What to do: Keep the sugar in the marinade, get the grill or pan properly hot before the pork goes on, and don't crowd it — crowded meat steams in its own juices instead of searing.
Cooking the pork only until it "looks done" and stopping there.
Target: Pork cooked through — opaque all the way, no pink at the centre, 71°C / 160°F if you check.
Why it matters: These are thin slices over fierce heat, so the surface chars quickly and can look finished while a thicker piece is still raw inside. Pork should be cooked through for safety; the good news is that thin, well-charred slices reach that point in just a few minutes, with no loss of flavor.
What to do: Grill 3–4 minutes a side, check the thickest slice, and pull them as they finish rather than all at once.
Leaving the noodles in a sticky clump.
Target: Vermicelli cooked just to tender, then rinsed cold and well drained so the strands separate.

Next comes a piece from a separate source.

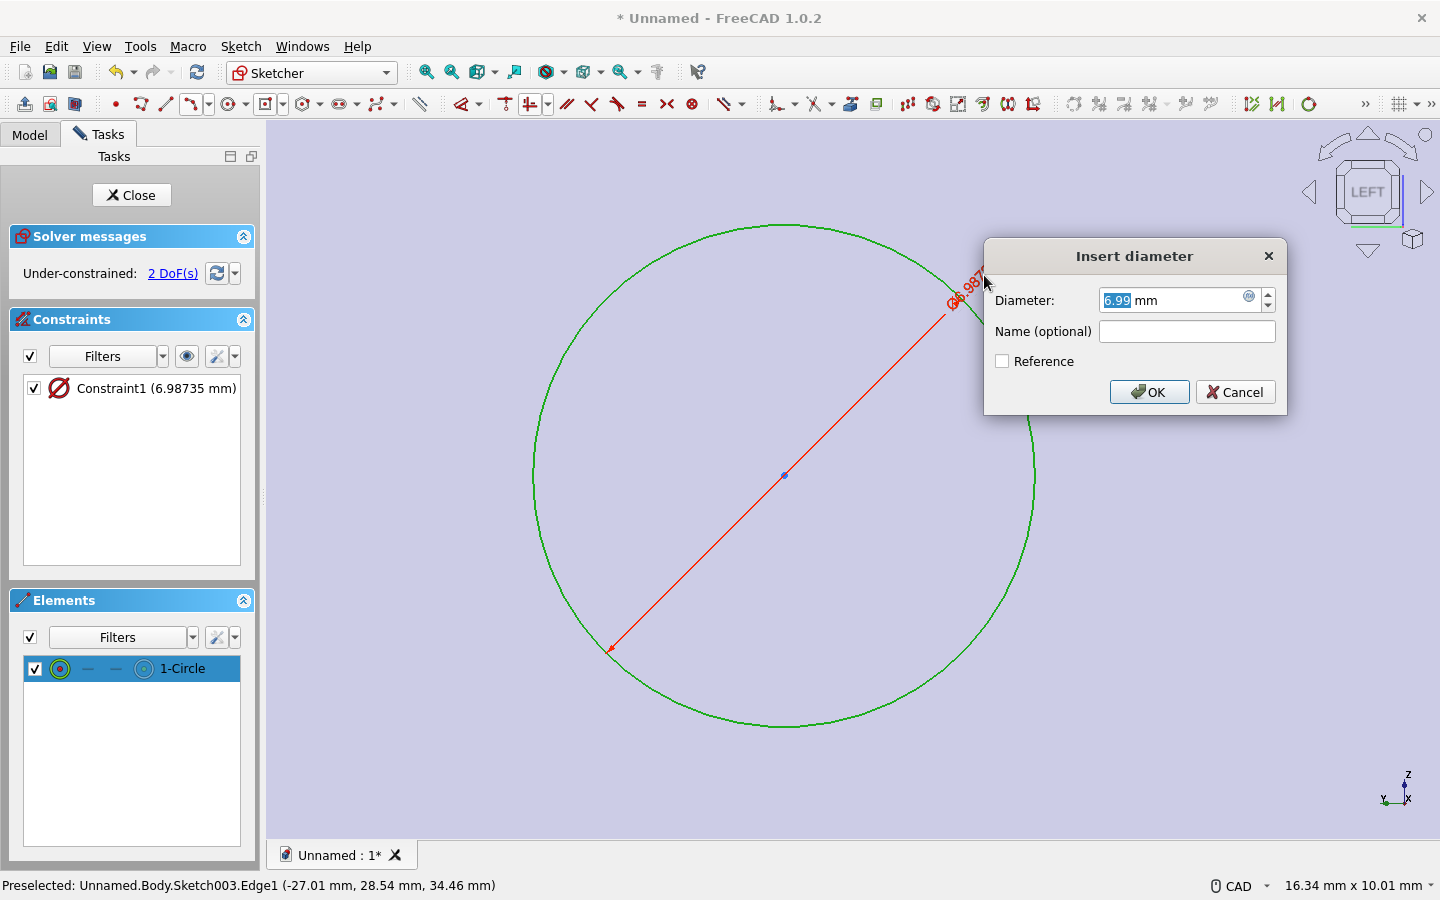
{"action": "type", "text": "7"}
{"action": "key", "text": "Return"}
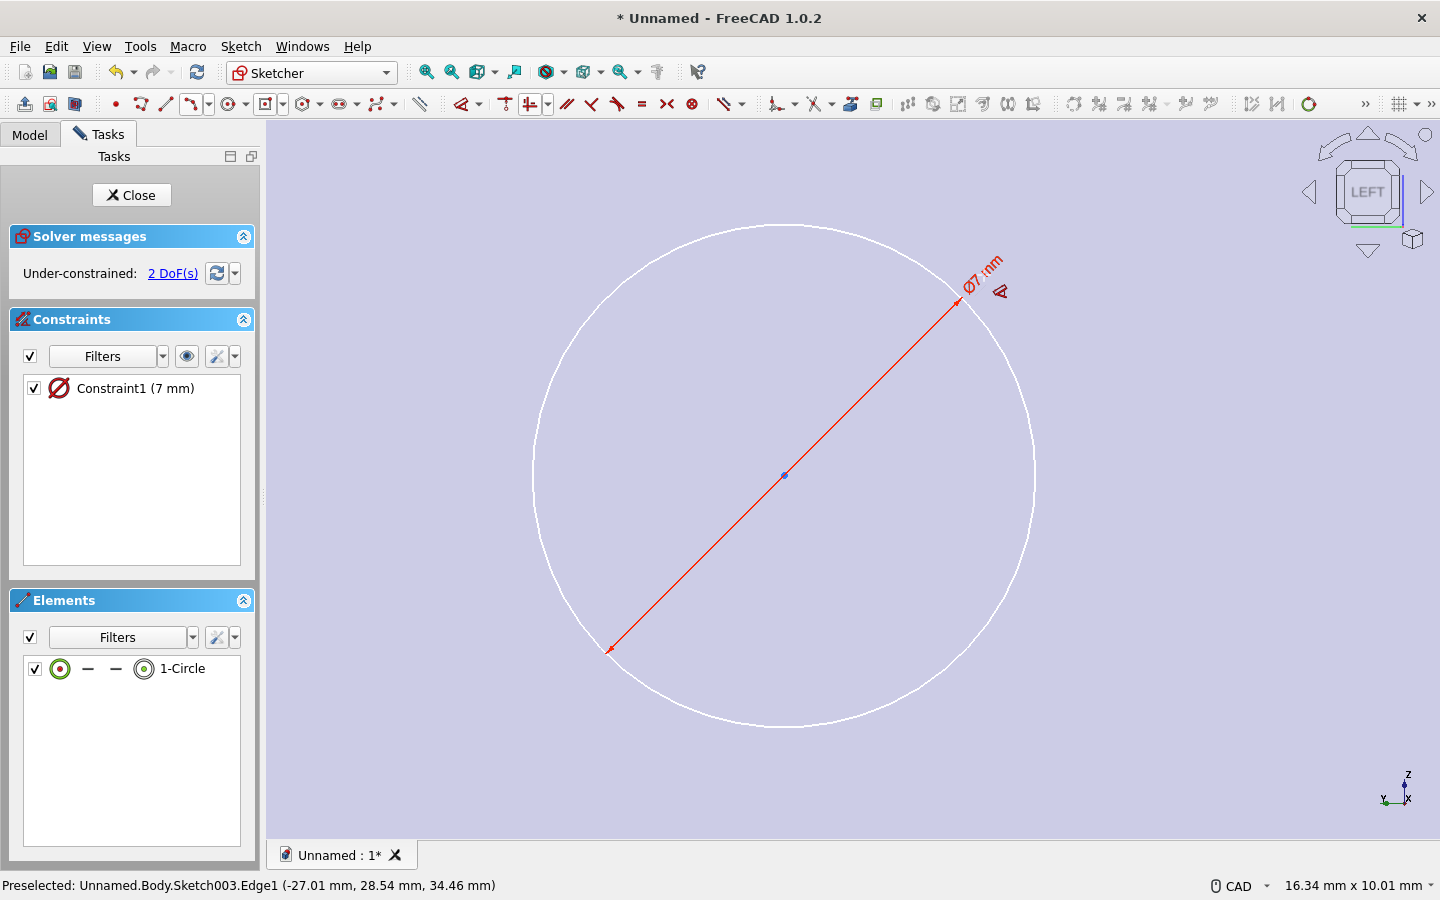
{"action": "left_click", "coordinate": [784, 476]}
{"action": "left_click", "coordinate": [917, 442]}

Why it matters: Hot rice vermicelli keeps cooking on its own heat and its surface starch turns gluey as it cools. A cold rinse stops the cooking and washes off that loose starch, so the noodles stay loose and springy under the warm pork instead of fusing into a paste.
What to do: Drain, rinse under cold water until the strands feel clean, drain again thoroughly, and loosen with your fingers (a few drops of oil help) before building the bowls.
What to look for
- The pork as it leaves the grill: glossy, deep brown, with charred edges and a savory-sweet smell. Pale and wet means the heat was too low or the pan too crowded.
- A cut through the thickest slice: opaque all the way through, juices running clear, no pink. That's your signal it's cooked through and safe.
- The drained noodles: separate, springy strands you can lift in a loose nest. A sticky clump means they needed a better cold rinse.
- The assembled bowl after a splash of nước chấm: everything lightly glistening, herbs still bright and crisp. Wilted, sauce-logged herbs mean it was dressed too early — add the sauce at the table.
A note on history
Bún thịt nướng — rice vermicelli topped with grilled pork, fresh herbs, pickled vegetables and crushed peanuts, served with nước chấm — is a dish of southern Vietnam (Bún thịt nướng, Wikipedia). It's the southern cousin of the northern bún chả from Hanoi, which serves grilled pork and patties in a bowl of dipping sauce rather than over a heaped bowl of noodles and herbs (Bún chả, Wikipedia). The marinade is often built on lemongrass and fish sauce, and the dish is typically assembled by the eater, who pours the sauce over to taste.